Tendulkar had Australia at his mercy for much of his career. His 175 at Hyderabad was among his best knocks. © AFP
2. Perhaps no other team challenged Australia like how Saurav’s boys did in the last decade and perhaps no other player dominated them like how Sachin did in the decade before that. The 2 sandstorms that decimated Aussies in Sharjah ’98 is part of cricketing folklore now. You may find this an exaggeration but to me, those 2 innings made him a legend of ODI’s.

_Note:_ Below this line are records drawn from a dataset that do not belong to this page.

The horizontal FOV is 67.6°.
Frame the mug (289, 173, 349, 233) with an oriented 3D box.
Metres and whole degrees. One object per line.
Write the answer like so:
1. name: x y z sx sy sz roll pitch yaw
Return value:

Without doubt his highest point as a batsman came on 22nd and 24th April 1998 with those innings for the ages at Sharjah against Australia. © AFP
1. For all the centuries and a double century, this is the innings that still gives me the goose bumps when I think about it. How did he do all that? Playing Pakistan in pressure, more so if it’s in a World cup, and even more if playing for the first time in years. This was no stage for mortals or good players. The stage was set for only one man and how well he played. That 98 in the 2003 World cup is my pick for the best innings by Sachin Tendulkar in 23years. One shot stood out. A back foot cover drive off Wasim Akram still leaves me speechless, even after watching it hundreds of times.

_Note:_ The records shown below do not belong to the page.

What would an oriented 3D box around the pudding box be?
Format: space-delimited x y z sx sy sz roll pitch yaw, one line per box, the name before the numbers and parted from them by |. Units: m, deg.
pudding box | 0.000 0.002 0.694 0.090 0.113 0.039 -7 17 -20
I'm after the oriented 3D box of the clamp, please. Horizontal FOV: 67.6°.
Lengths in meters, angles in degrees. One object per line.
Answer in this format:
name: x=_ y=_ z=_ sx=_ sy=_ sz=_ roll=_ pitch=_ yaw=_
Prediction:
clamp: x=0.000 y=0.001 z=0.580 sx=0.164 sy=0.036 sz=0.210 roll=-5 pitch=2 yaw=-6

His 98 at Centurion versus Pakistan in World Cup 2003. He went on to bag the Player of the Series award. © AFP
He defined the format, pulled the crowds to it and single handedly changed, not just of India’s fortunes, but the future of the game itself. And we all grew up with him. We were school kids when Sachin was decimating attacks in the 90’s singlehandedly, so he was the superstar. When we went to college in the 2000’s a certain Mr. Ganguly so dynamically changed Indian Cricket that Tendulkar went from one and only superstar to the greatest batsman of the golden quartet. As we understood the game better, he became a legend.
Farewell Sachin Tendulkar, albeit from colored clothing. We hope to see plenty of you in the whites, playing that breath taking straight drive, that audacious upper cut, that finest of leg glances or that ever so wonderful back foot cover drive. As a God, please inform the other one that created you that we said Thanks. We can say that we grew up and lived in the same time as the God of Cricket. Who else can?